The local Markov independencies (\(\mathcal{I}_l\)) associated with \(H\) is:
\[\mathcal{I}_l(H):\{X_i \perp (\bold{V}-\{X_i\}-MB_{X_i})|MB_{X_i}:\forall i\}\]In other words, \(X_i\) is independent of the rest of the nodes given its immediate neighbors \(MB_{X_i}\).
Soundness and Completeness of Global Markov Property
The global Markov property for UGMs is similar to its variant for DGMs, in the sense that they both attain similar soundness and completeness results.
Soundness
Theorem: Let \(P\) be a distribution over \(\mathcal{X}\), and \(\mathcal{G}\) a Markov network structure over \(\mathcal{X}\). If \(P\) is a Gibbs distribution that factorizes over \(\mathcal{G}\), then \(\mathcal{G}\) is an I-map for \(P\).
Proof: Let \(X,Y,Z\) be three disjoint subsets in \(\mathcal{X}\) such that \(Z\) separates \(X\) and \(Y\) in \(\mathcal{G}\). We will show that \(P\models (X\perp Y\vert Z)\).
First, we observe that there is no direct edge from \(X\) to \(Y\). Assuming that \((X,Y,Z)\) is a partition of \(\mathcal{X}\), we know that any clique in \(\mathcal{G}\) is fully attained in either \(X\cup Z\) or \(Y\cup Z\). Let \(\mathcal{I}_{X}\) be the indices of the set of cliques that are contained in \(X\cup Z\), and \(\mathcal{I}_{Y}\) be the set defined for \(Y\cup Z\). We know that
\[P(X_1,\cdots,X_n) = \frac{1}{Z}\prod_{i\in \mathcal{I}_X}\phi_i (D_i)\cdot \prod_{i\in \mathcal{I}_Y}\phi_i (D_i).\]None of the terms in the first product contains variable from the latter. Hence, we can rewrite this product in the form:
\[P(X_1,\cdots,X_n) = \frac{1}{Z}f(X,Z)g(Y,Z),\]and we observe that independence follows.
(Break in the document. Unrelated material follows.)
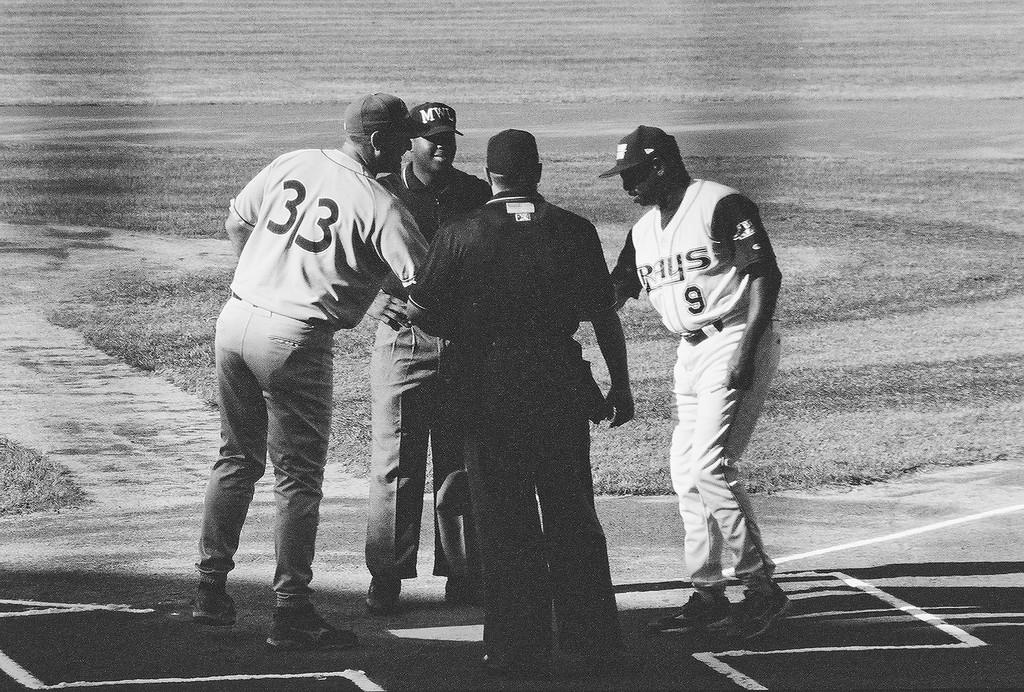Provide a one-sentence caption for the provided image. A man in a number 33 jersey shakes hands over home plate with a Rays player.

If \(X\cup Y\cup Z\) is a strict subset of \(\mathcal{X}\). Let \(U = \mathcal{X}\setminus (X\cup Y\cup Z)\). We can partition \(U\) into two disjoint sets \(U_1\) and \(U_2\) such that \(Z\) separates \(X\cup U_1\) from \(Y\cup U_2\) in \(\mathcal{G}\). Using our argument from the partition case, we have that \(\big((X\cup U_1)\perp ((Y\cup U_2)\vert Z\). Apply decomposition property of probability we attain that \(P\models (X\perp Y\vert Z)\). \(\square\)
Completeness (Hammersley-Clifford theorem)
Theorem: Let \(P\) be a positive distribution over \(\mathcal{X}\), and \(\mathcal{G}\) a Markov network graph over \(\mathcal{X}\). If \(\mathcal{G}\) is an I-map for \(P\), then \(P\) is a Gibbs distribution that factorizes over \(\mathcal{G}\).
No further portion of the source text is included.